Abstract EZHIP (EZH inhibitory protein) is a cancer-testis antigen (CTA) typically restricted to germline cells, where it inhibits Polycomb repressive complex 2 (PRC2)-mediated deposition of the repressive histone mark H3K27me3. Its aberrant expression in H3K27M mutation-negative diffuse midline gliomas (DMGs) and ependymomas leads to PRC2 inhibition and widespread epigenomic dysregulation. H3K27M-mutant gliomas are similarly characterized by global loss of H3K27me3 due to inhibition of PRC2 by the oncohistone H3K27M, positioning EZHIP as a functional epigenetic mimetic of this mutation.To explore its role in tumorigenesis, we overexpressed EZHIP in the H3K27 wild-type DMG cell lines that lack H3K27M mutations.
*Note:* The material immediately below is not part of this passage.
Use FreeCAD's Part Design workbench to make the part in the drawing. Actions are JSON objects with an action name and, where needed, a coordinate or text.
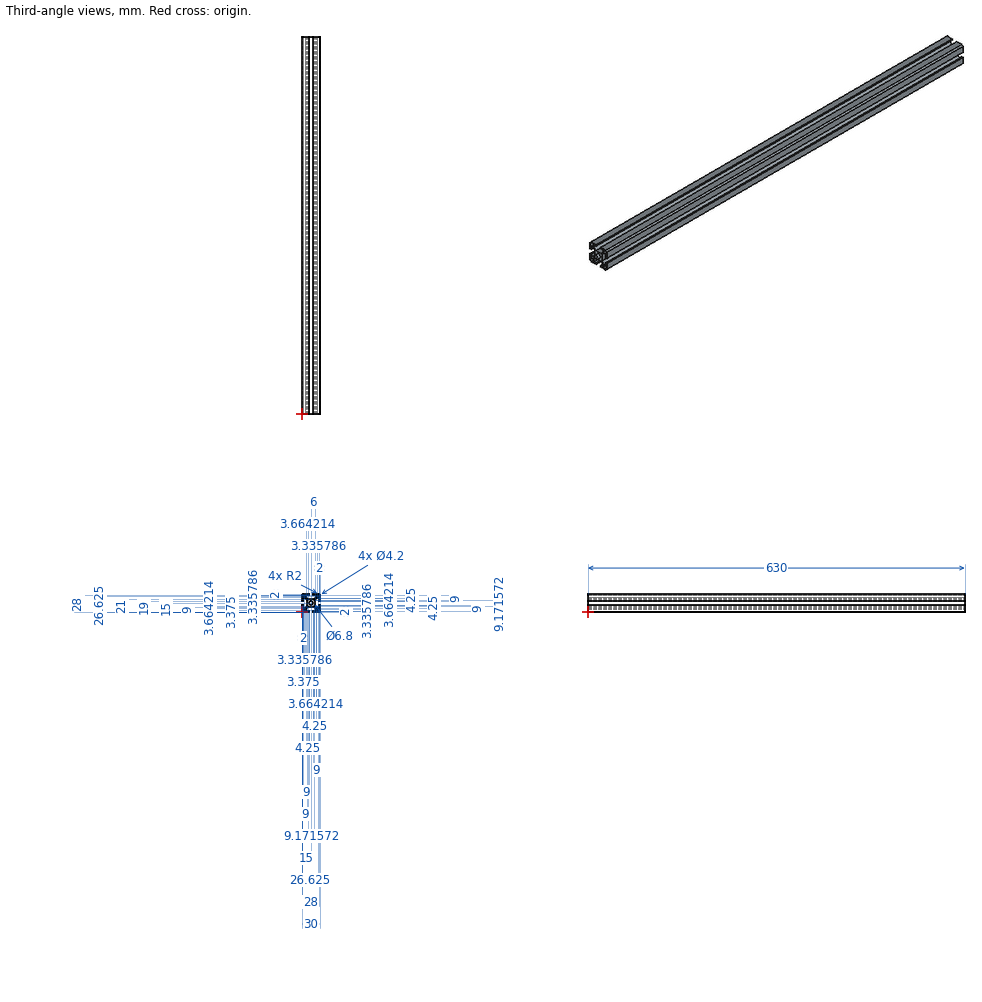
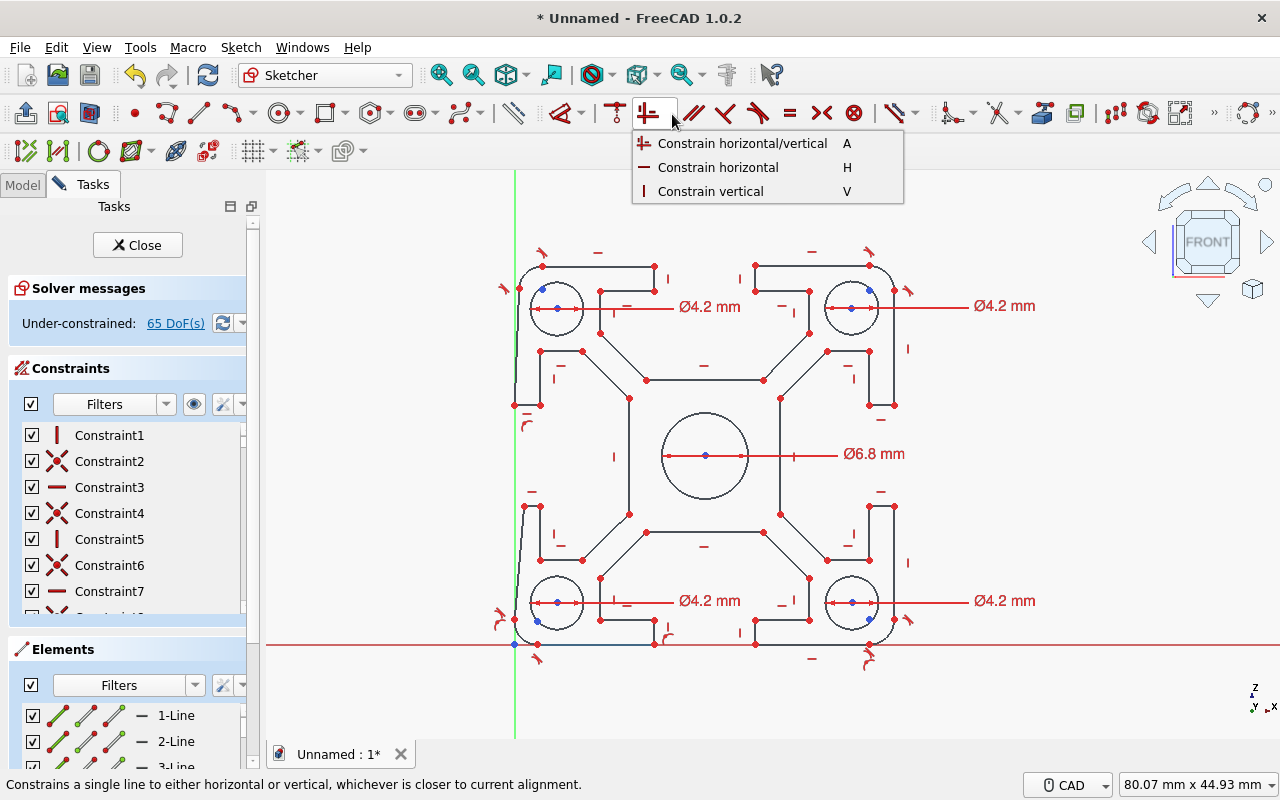
{"action": "left_click", "coordinate": [768, 167]}

EZHIP overexpression resulted in a significant reduction in H3K27me3 levels, indicating PRC2 inhibition. In a Nestin-TVA mouse model of DMG, the introduction of EZHIP into neural stem cells via the RCAS-EZHIP-P2A-PDGFβ vector led to the development of aggressive, high-grade diffuse gliomas. The tumorigenic potential of EZHIP was further supported by Western blot analysis of EZHIP-expressing neural stem cells, which revealed increased expression of stem cell markers, including Nanog, GFAP, and Nestin, consistent with a stem-like transcriptional state. RNA and ATAC sequencing of EZHIP-overexpressing DMG cell lines, compared to their isogenic wild-type counterparts, revealed a substantial increase in the number of upregulated genes typically repressed by PRC2, indicating widespread transcriptional activation associated with PRC2 inhibition. Comparative transcriptional analysis further showed that EZHIP-induced gene expression changes more closely resembled those in PRC2 knockout cells rather than in cells harboring the H3K27M mutation. Together, these findings highlight the complex role of EZHIP in disrupting PRC2-mediated gene silencing, promoting gliomagenesis, and altering the epigenomic landscape. While EZHIP and H3K27M mutations share some mechanistic similarities in inhibiting PRC2, key differences in their downstream effects suggest distinct contributions to tumor development. These findings advance our understanding of EZHIP-driven gliomas and reveal potential therapeutic vulnerabilities that could inform future treatments.